As far as checking how old an ad it, you can see when the ad will expire.  That can help tell how old an ad is.  At any rate, if something was no longer available, I would assume that the ad would be removed.


----------



## TUGBrian (Mar 19, 2012)

whatsburning said:


> 1.  I wasn't specifically looking for contact info... just who posted it so I can see if the poster is a legit TUGer or just a one time visitor kinda thing.  Makes me feel more secure if I'm dealing with people who have been doing this for a while vs. one who may be shady...



maybe we can come up with a "ads posted counter or something"...like ebay seller feedback...ill think about it a bit.



> 2. So there's no way of knowing if the ads are current or not?  How about putting a "date placed" on the listing screen?  That way, it would show more easily if an ad is current (within the past week) or not?



all ads have an expiration date on them, back that up 3 months and itll tell you when it was posted.



> 3.  Are these marketplace ads being used to track values or rental rates?  Is that why it is listed for three months?  How about making the listing timeframe shorter so the poster HAS to repost it if it's still available, and thus making the ad current again?



all COMPLETED listings go into the price history tab of the resort in question...ads that expire do not.


----------



## Makai Guy (Mar 19, 2012)

As the Timeshare Marketplace is not part of the Bulletin Board, I've moved this to the _About the Rest of TUG_ forum.


----------



## whatsburning (Mar 20, 2012)

Yes, I realize now that I just have to subtract three months from the expiration date to see how current the ad is - Duh!

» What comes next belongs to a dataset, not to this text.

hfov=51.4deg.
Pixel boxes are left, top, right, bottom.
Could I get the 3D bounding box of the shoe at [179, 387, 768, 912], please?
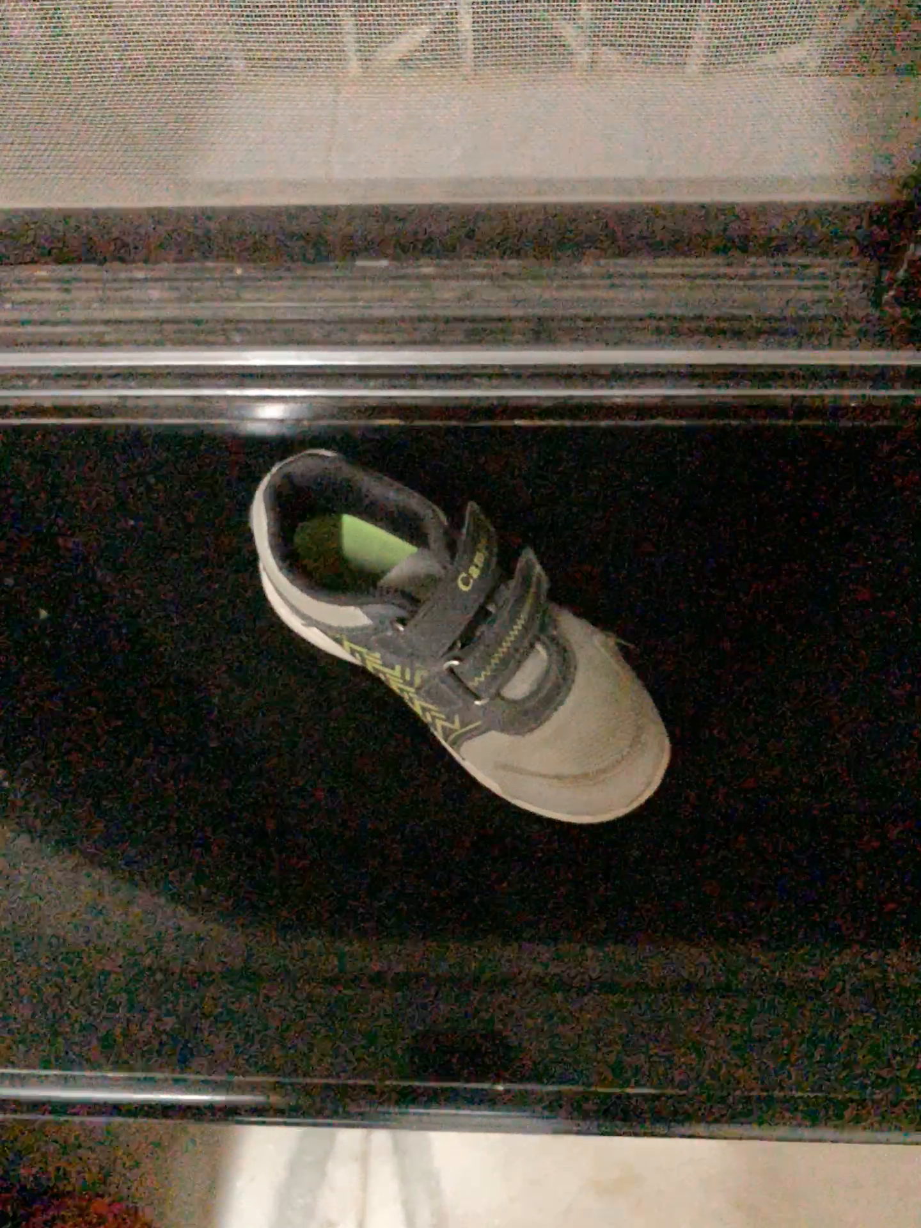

I'd still like to see the posting time shortened a little so members have to update their listings once in a while.  Like you said, some people just don't respond whether their ad is still available or not.

Thanks for the responses.  Keep up the great site!


----------



## ThierryJapan (Jun 2, 2012)

*Bargain basement points*

I was wondering why we can never find HGVC points on the Bargain basement section?

Does that mean HGVC is always applying the ROFR or HGVC points is a hotter commodities than the rest of the programs?


----------



## TUGBrian (Jun 2, 2012)

bargain basement ads only display ads priced below $500


----------



## ThierryJapan (Jun 2, 2012)

Thanks for the info!


----------



## csxjohn (Jun 17, 2012)

whatsburning said:


> ...I'd still like to see the posting time shortened a little so members have to update their listings once in a while.  Like you said, some people just don't respond whether their ad is still available or not.
> 
> Thanks for the responses.  Keep up the great site!



I would not like to see the time shortened.  

We get 25 ads per year and every time we have to renew we are using one of our free ad. (This won't affect me now but will for those with many properties to advertise.)


----------